OBI-Lutec-StrahlerIm Januar war er bei “Bauhaus” im Angebot, Anfang April dann bei “OBI” (Prospektausschnitt rechts): Ein 24 Watt starker LED-Außenstrahler, mit oder ohne Bewegungsmelder, ohne Markenbezeichnung in den Werbebeilagen. Bei keinem der Sonderangebote waren die Daten erwähnt, die man von einer LED-Leuchte wissen muss: Lichtstrom in Lumen (oder Lichtstärke in Candela), Abstrahlwinkel, Farbtemperatur. Nur der Erfassungswinkel des Bewegungsmelders (180 Grad) und die Anzahl respektive die Leistung der Einzel-LEDs (8 mal 3 Watt) fielen nicht der Geheimhaltung zum Opfer. Inzwischen habe ich aber Licht ins “Datendunkel” gebracht - ohne Vorankündigung und in eigener Sache.

Lutec-Strahler
Der “Lutec”-Außenstrahler an unserem Balkon. Gut zu erkennen sind die acht Einzel-LEDs mit fluoreszierender Phosphor-Beschichtung. (Fotos: W. Messer)

Schon am 2. Januar konnten Sie bei mir im Blog mehr über die geheimnisvolle Außenleuchte erfahren, nachdem ich ein paar der fehlenden Informationen aus verschiedenen Quellen zusammengetragen und berechnet hatte: Rund 1600 Lumen Lichtstrom (etwa so viel wie ein 100-Watt-Halogenstrahler), somit eine Energieeffizienz von gut 66 Lumen pro Watt, Farbtemperatur kalt-weiß, Abstrahlwinkel ca. 60 Grad.
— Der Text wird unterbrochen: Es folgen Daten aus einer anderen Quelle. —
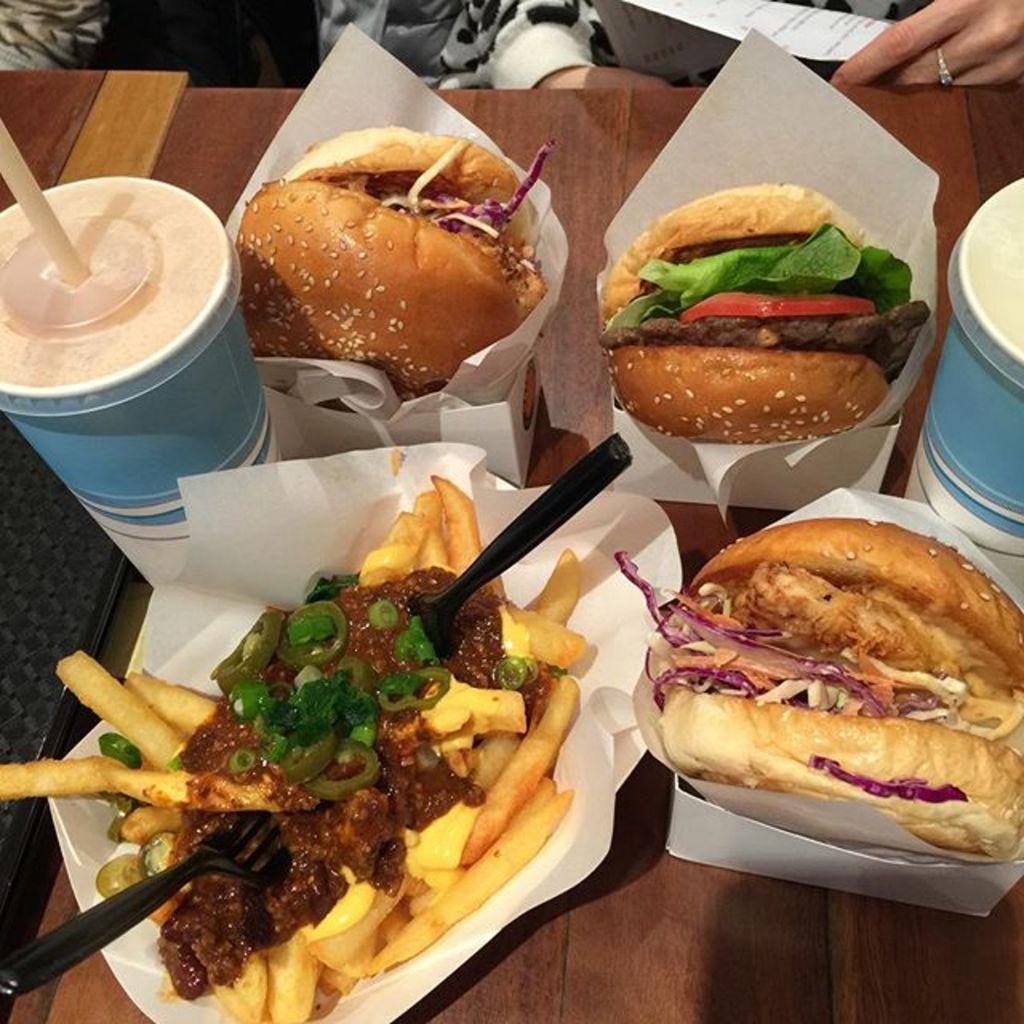Could you give a brief overview of what you see in this image? In this picture we can see food items with boxes, glasses, straw, fork, spoon and an object and these all are placed on a platform and in the background we can see people, paper.

Mein Fazit damals war eine klare Kaufempfehlung, weil die Angebote mit maximal knapp 70 Euro Hammerpreise waren angesichts der Leistungsdaten.

Still und heimlich habe ich deshalb jetzt auch selbst zugeschlagen; mit einem gewissen Risiko. Schließlich handelt es sich ja nicht wirklich um ein bekanntes Markenprodukt, sondern um einen “Lutec”-Strahler von “Yaohua Lux”, der Beleuchtungstochter des chinesischen Unternehmens “Ningbo Utec Electric Co. Ltd.”, in Deutschland vertrieben von “Eco-Light”. Das alles dürften wohl nur Spezialisten kennen.
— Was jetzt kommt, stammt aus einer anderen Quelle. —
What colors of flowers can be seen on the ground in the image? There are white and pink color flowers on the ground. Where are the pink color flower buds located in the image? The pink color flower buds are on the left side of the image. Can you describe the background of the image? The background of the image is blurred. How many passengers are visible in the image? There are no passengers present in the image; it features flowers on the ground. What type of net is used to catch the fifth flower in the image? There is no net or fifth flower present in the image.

Steinel-Halo-StrahlerHell wie der “lichte Tag”

Nachdem ich aber innerhalb des Hauses schon so ziemlich alles auf LED-Beleuchtung umgestellt hatte, wollte ich endlich auch die stromfressende 150-Watt-”Steinel”-Halogen-Sensorleuchte” (eigenes Bild rechts) am Balkon über dem Eingangsbereich los werden. Sie erhellte aus einer Höhe von drei bis sieben Meter den ziemlich großen Bereich eines Treppenaufgangs - rund zehn Meter lang parallel zum Strahler.
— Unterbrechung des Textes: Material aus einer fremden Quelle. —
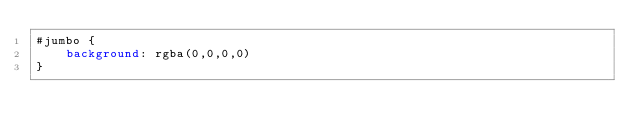Convert code to text. <code><loc_0><loc_0><loc_500><loc_500><_CSS_>#jumbo {
    background: rgba(0,0,0,0)
}</code> 
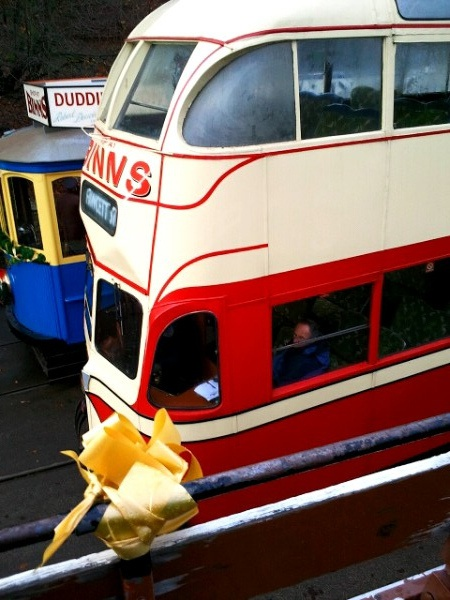Describe the objects in this image and their specific colors. I can see bus in black, ivory, maroon, and beige tones, train in black, lightgray, navy, and darkblue tones, bus in black, navy, darkblue, and blue tones, and people in black, maroon, navy, and brown tones in this image.

Das sollte nun also die deutlich sparsamere LED-Leuchte tun - und tatsächlich: Sie kann es und wirkt dabei sogar teils noch heller als ihr Halogen-Vorgänger. Das liegt einerseits daran, dass die Lichtstrom-Angabe von 1600 Lumen (etwas mehr als ein konventioneller 100-Watt-Hochvolt-Halogenstrahler) offensichtlich nicht übertrieben ist, zusätzlich aber auch an der Farbtemperatur. Die soll laut Packungsaufschrift bei rund 4100 Kelvin liegen, ich tippe aber eher auf einen noch “kälteren” und Tageslicht-ähnlicheren Wert um 5000 K. Solches Licht erscheint uns bei gleichem Lichtstrom heller als warm-weißes.

Lutec-Strahler5
Der Strahler “in Aktion” - von der Seite fotografiert mit kleiner Blende. Die Farbtemperatur im Bild entspricht etwa der Realität.

Lutec-Strahler3
Das Leuchtbild des “Lutec-Außenstrahlers: Sehr hell, gleichmäßig und breit mit hoher Farbtreue. Wegen der ziemlich naturgetreuen Darstellung der bunten Tulpenkelche würde ich mal auf einen Farbwiedergabeindex >80 tippen (das Maximum wäre 100).

Der Abstrahlwinkel der LED-Leuchte dürfte in der Realität ein wenig breiter sein als die offiziellen 60 Grad; sie scheint eine etwas größere Fläche auszuleuchten als der “Steinel”-Halogenstrahler. Allerdings können Sie den “Lutec”-Strahler nur synchron mit dem Bewegungsmelder (falls vorhanden) und ausschließlich über die horizontale Achse nach oben und unten justieren, während die “Steinel”-Leuchte über zwei Achsen verstellbar ist und der Sensor zusätzlich und unabhängig vom Strahler nach links und rechts gedreht werden kann.

Das Justieren für den jeweiligen Einsatzbereich ist deshalb bei der “Lutec”-LED-Leuchte deutlich schwieriger. Unter Umständen - etwa bei ansteigendem Gelände - muss sogar der Montagebügel leicht verdreht zur Waagerechten angeschraubt werden, zumal sich der Bewegungsmelder etwas “zickig” verhält. Laut Packungsangabe sollte er eine Reichweite von 16 Meter haben; die in den Werbebeilagen genannten 12 Meter erscheinen mir aber realistischer. Lieber ein paar Mal öfter ausprobieren vor der endgültigen Montage, danach können Sie kaum noch was korrigieren.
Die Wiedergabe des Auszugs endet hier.